There’s a similar pattern in many English cities.  Perhaps the worst example is the Elephant and Castle area of south London, where 1,212 council homes have been demolished on one estate, replaced by less than one-hundred homes for social rent. Instead, nearly 3,000 private homes have been built by a private developer, on land that used to be publicly owned. The new ‘luxury’ homes are completely beyond the means of most local people (lots of whom have had to move out of the area) and many now stand empty.

Whatever is said now, if the post-Brexit north of Ireland enjoys an economic bounce, the temptation for the new mutual landlord to jump on the speculation bandwagon could prove too strong.

Blackmail

The transfer of public housing to new landlords is really a form of blackmail.  Tenants are told that, if they don’t agree, they will be condemned to a future of sub-standard homes; while if they vote for transfer they will get new kitchens, windows, roofs, and so on. This blackmail comes in glossy brochures and meetings in posh hotels. In Edinburgh, where the tenants voted against stock transfer, the city council spent over £2.6 million on the transfer process.

Stock transfer of public housing can also be very divisive.  It encourages different communities to vie with each other for funding and political support, at a time when we need maximum working class solidarity to combat the threats of another wave of austerity when the government tries to make us pay for the COVID pandemic.

Campaigners have always argued that there are other options. In Britain, councils could use their collective bargaining and political power to demand more money from Westminster.  The value of land and existing and future homes could be used to borrow against.

Council housing consistently pays for itself over time by reducing other forms of public expenditure, like reliance on Housing Benefit which costs nearly £25 billion a year, or the cost of putting homeless families in expensive temporary accommodation. Some of the “debt” council housing carries is based on arcane accountancy practices. It could be written-off at the stroke of a civil servant’s pen.

Campaigning

One way to ensure these alternatives are heard is to insist that transfers of council housing only happen after tenants have agreed to it through a transparent, democratic ballot, held on a level playing-field.

There’s not enough detail in the NIHE plans to say if, when or how this will happen.  But if the full arguments are aired, many public housing tenants reject transfer, just as they did in Ballymena and Ballyclare in 2017/18 and has also happened on several occasions in England, where some tenants who voted in favour of transfer are now demanding the right to return to the council.
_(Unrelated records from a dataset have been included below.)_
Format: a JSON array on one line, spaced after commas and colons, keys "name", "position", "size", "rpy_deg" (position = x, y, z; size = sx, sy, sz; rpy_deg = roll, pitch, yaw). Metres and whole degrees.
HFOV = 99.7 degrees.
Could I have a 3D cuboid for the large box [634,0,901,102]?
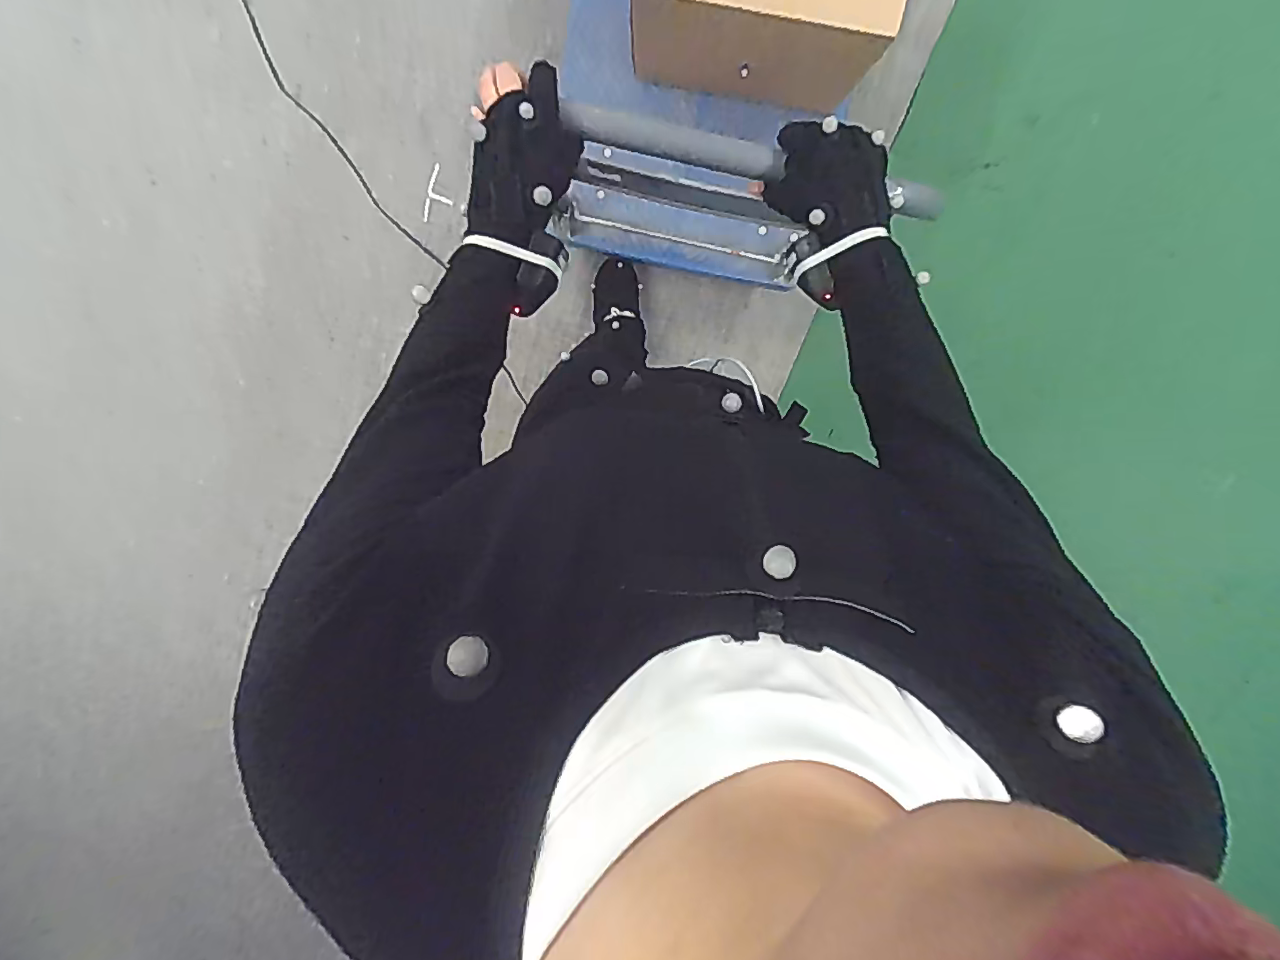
[{"name": "large box", "position": [0.213, -0.888, 0.912], "size": [0.408, 0.320, 0.320], "rpy_deg": [9, 106, 0]}]
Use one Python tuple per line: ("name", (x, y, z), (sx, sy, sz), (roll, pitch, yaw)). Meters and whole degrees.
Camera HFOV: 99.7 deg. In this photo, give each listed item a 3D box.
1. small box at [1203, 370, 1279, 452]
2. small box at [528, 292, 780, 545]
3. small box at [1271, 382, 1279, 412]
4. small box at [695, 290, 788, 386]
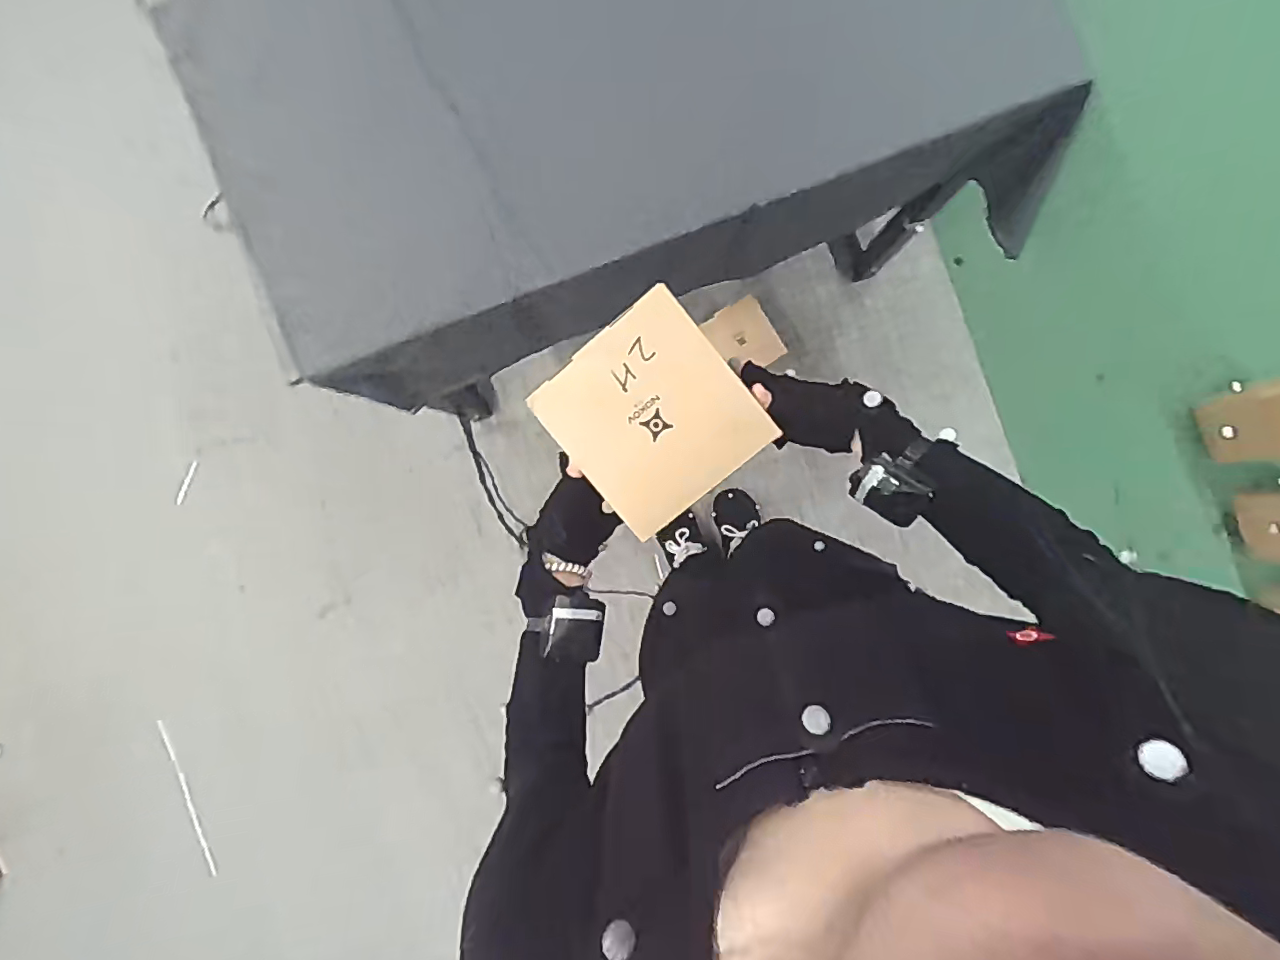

For example, in 2002, the 84,000 strong tenants of Birmingham City Council rejected a proposed stock transfer (66.8 per cent voting against transfer). Four years later the Council re-balloted their tenants, who again rejected stock transfer (this time by a larger margin of 75 per cent). Birmingham City Council is now building hundreds of new homes, for public rent, each year.

A similar experience occurred in Edinburgh where council tenants voted to reject transfer in 2005. These examples, in NI, Birmingham and Edinburgh, all have one common element – there was a strong anti-privatisation campaign led by tenants and supported by trade unions. These campaigns produced leaflets and newsletters, covered estates knocking on doors, held public meetings and explained what the process of transfer, or “reclassification” in the NIHE’s case, really means.

The future …

After decades of decline, the political and policy tide may be turning back towards public housing.  In London, many authorities and the elected Mayor are starting to move away from stock transfer and housing associations because experience has shown they don’t adequately meet housing needs.

Fighting for and winning real investment in council and NIHE housing, with no strings attached, is a tough battle, but one that future generations will thank us for.